All signs indicate that a massive shipment of oil refinery equipment destined for Canada will embark Sunday night from the Port of Umatilla, traveling through Eastern Oregon before the load eventually crosses state lines into southern Idaho.
And while the Confederated Tribes of the Umatilla Indian Reservation (CTUIR) have not come out in opposition of the megaload itself, they and others do have concerns about the process. CTUIR spokesman Chuck Sams said the state had not consulted with the tribes about the project heading through their ceded territory, as required by law.
The tribes are not planning any formal protests, Sams said, but another group of climate activists is planning to arrive from across the state for a peaceful demonstration at the Port of Umatilla.
One organizer, Jim Powers of Albany, said they are increasingly concerned about carbon dioxide emissions into the atmosphere and the negative effects they will have on future generations. Protesters are concerned that Oregon is allowing its highways to contribute to the processing of dirty oil in Canada.
“We’re lending our roads to being part of a global system that will be really bad for our children and grandchildren,” Powers said. “Anything that facilitates an increase in carbon emissions is a bad idea. It goes against our self-interest.”
The group will gather at 10 pm on Sunday, carrying signs to raise awareness of the issue. Powers said hundreds might make the trip, and questioned the lack of public input on the permitting process.
“I see things wrong at many levels with this project,” he said. “By having a protest, we’re hoping to put some pressure on ODOT [the Oregon Department of Transportation] to expand their study on this project and prevent future loads from going through.”
Omega Morgan spokeswoman Holly Zander said she has no knowledge of the protests, but knows people are very passionate about the topic. She said there will be no digging, no trimming of trees, and nothing else about the shipment that will cause any damage to the environment.
“People are focusing more on the end destination, and not so much the transportation that Omega Morgan does,” she said. “I don’t think people will even really notice this coming through their communities.”
The first of three proposed “megaloads” hauled by Hillsboro-based Omega Morgan, plans to begin its journey heading south on Highway 395 through Hermiston, east on Interstate 84 into Pendleton, and south again on Highway 395 through Pilot Rock, Ukiah, and Long Creek.
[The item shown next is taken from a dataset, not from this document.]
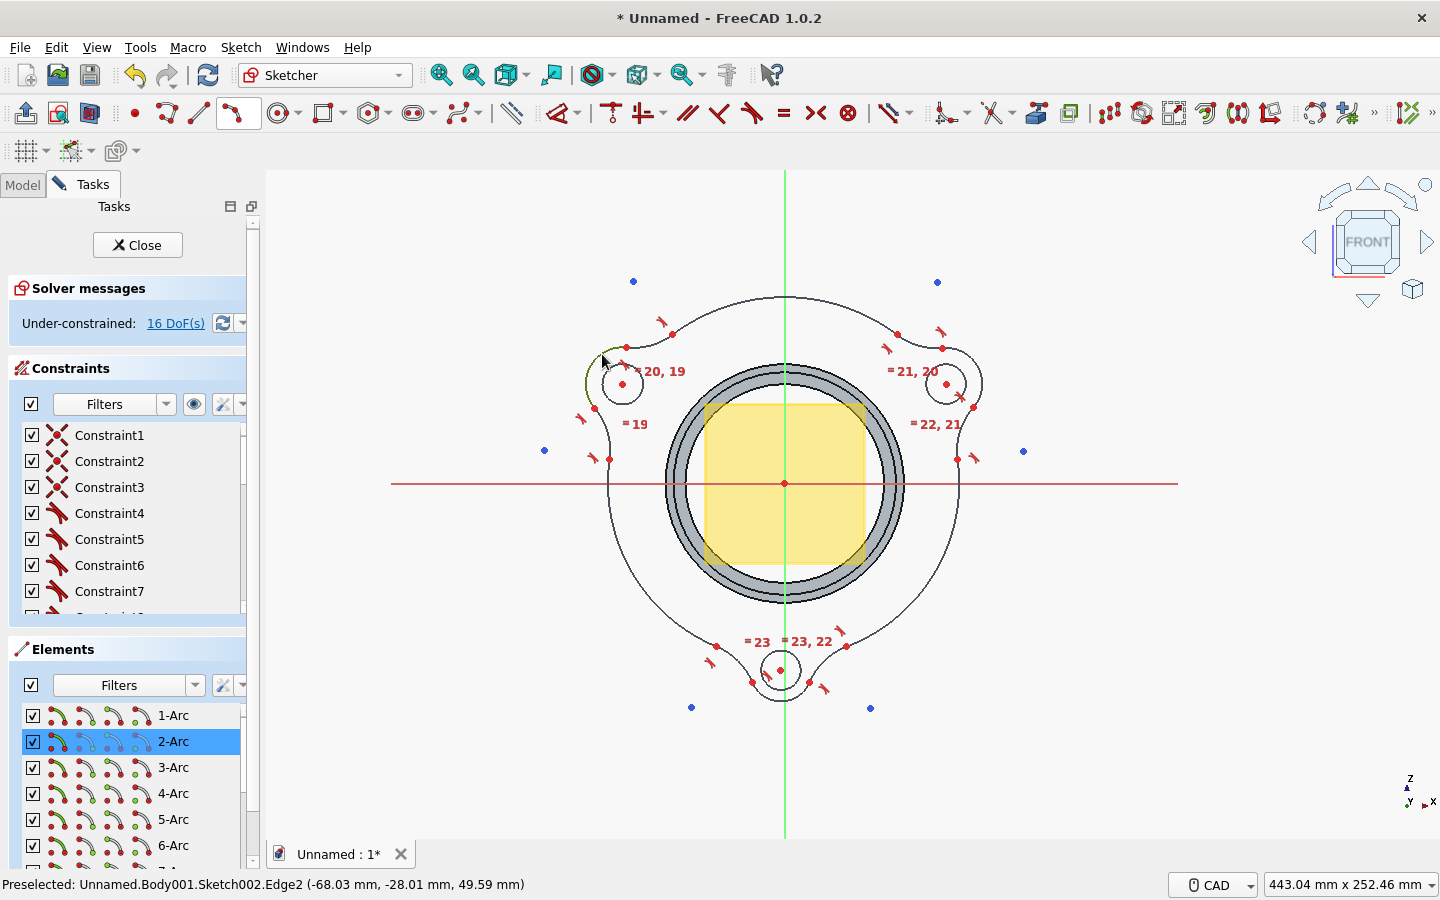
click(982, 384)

Final permitting is not yet approved by the Oregon Department of Transportation, though regional spokesman Tom Strandberg said plans are moving forward to have the 22-foot-wide, 376-foot-long, 901,000-pound oversize load on the road early next week.
Drivers can expect delays of up to 20 minutes, as the behemoth makes its way slowly through the area. Because the load takes up both lanes of traffic on two-lane highways, it will move only between 8 pm and 6 am and pull over about every seven miles to let vehicles pass.
The shipment is also scheduled to halt during the Thanksgiving holiday, Strandberg said, and then proceed after the weekend. ODOT will post updates online at TripCheck, advising which stretch of highway is impacted at any given time.
“It will take several days to get through the region,” Strandberg said. “We want to make sure it’s safe for the traveling public, our (road) infrastructure, and the surrounding environment.”
Omega Morgan plans to truck two more megaloads along the same route sometime in December and January, according to Zander. Exact dates have not been finalized.
The company, hired by a subsidiary of General Electric Company, is transporting the 96-foot water purification vessel to the tar sands in Alberta, Canada, where oil is extracted for the controversial Keystone XL pipeline.
Manufactured in Portland, the vessel will be barged up the Columbia River to the Port of Umatilla, where the load must run south before it can run north.
Previous shipments started at the Port of Wilma, where Omega Morgan trucked the megaloads east and north on U.S. Highways 12 and 95. But environmentalists and leaders of the Nez Perce Tribe protested the route that passed through the reservation and a federally designated scenic river corridor on Highway 12.
Tribal police arrested 28 protestors blocking the road during a shipment in August. A month later, U.S. District Judge B. Lynn Winmill ordered the megaloads to stop using the route until a study on effects is complete.
“Any time we go on any route, we have to go through the same permitting process,” Zander said. “We do pretty extensive engineering to make sure the load will fit every curve and every turn.”